Identification of Resting State Networks from HCP Resting State fMRI Data

RSNs were identified from the HCP data using outcomes from the minimal pre-processing pipeline of the resting state fMRI data that were provided by the HCP27. Minimal pre-processing of resting state fMRI data included corrections for spatial distortions caused by gradient nonlinearities, head motion, B0 distortion, denoising using FSL FIX48 and registration to the T1-weighted structural image. All transforms were concatenated together with the T1 to MNI standard space transformation and applied to the resting state fMRI data in a single resampling step to register the corrected fMRI data to MNI standard space. fMRI data were also temporally filtered with a high pass filter and then each subject’s fMRI data was analyzed using spatial ICA, with the MELODIC algorithm estimating the number of components. In the HCP framework, these ICA maps are used to denoise the fMRI data prior to any subsequent resting state analyses. In the present analysis, these single-subject ICA maps, from 20 participants, were fed together into a group ICA using FSL MELODIC to identify the collection of RSNs that were common to the group of subjects. The single-subject ICA maps were used for the group ICA instead of the original minimally-preprocessed resting state fMRI data simply to reduce computational load, which is much greater with HCP data due to the extremely high spatial and temporal resolution of the fMRI data (2 × 2 × 2 mm3 with 0.75 second sampling intervals, 15 minutes/run, 1200 volumes/run). As an aside, this is the same order of magnitude of participants in the original study by Smith et al., which utilized resting state fMRI data from 36 participants.

Two ICAs were done, with the number of components fixed to twenty and seventy (as in Smith et al.) and RSNs that corresponded to the RSNs in Smith et al. were identified by visual inspection and spatial cross-correlation.

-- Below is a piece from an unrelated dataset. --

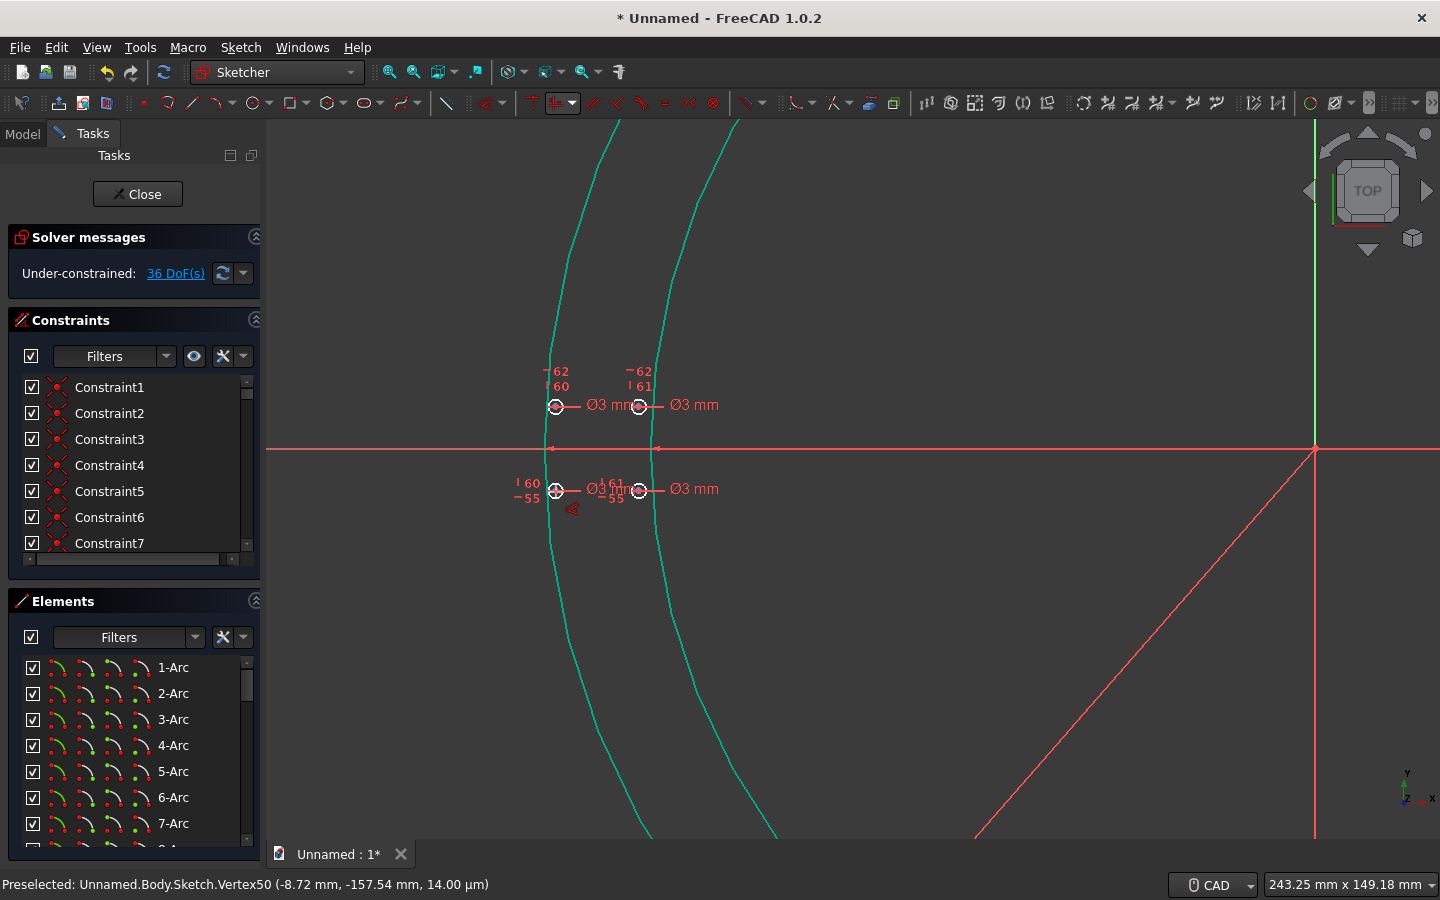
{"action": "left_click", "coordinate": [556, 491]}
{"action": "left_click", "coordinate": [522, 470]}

For the 20-component ICA, the spatial cross-correlations between the HCP RSNs and the Smith RSNs (for 10 networks shown in Smith Fig. 1) ranged from 0.43–0.74 (except for the cerebellum network which was cut off in Smith’s data, but fully covered in the HCP data, resulting in a spatial cross correlation of 0.33). The spatial cross-correlations between HCP RSNs and HCP task networks (Fig. 1) ranged from 0.44–0.81. The minimum spatial correlation of 0.44 is even greater than the minimum reported in Smith et al., r = 0.25, and so is even more highly significant than p < 5 × 10−6 (although I did not estimate the actual p value since it’s not necessary given the high level of significance).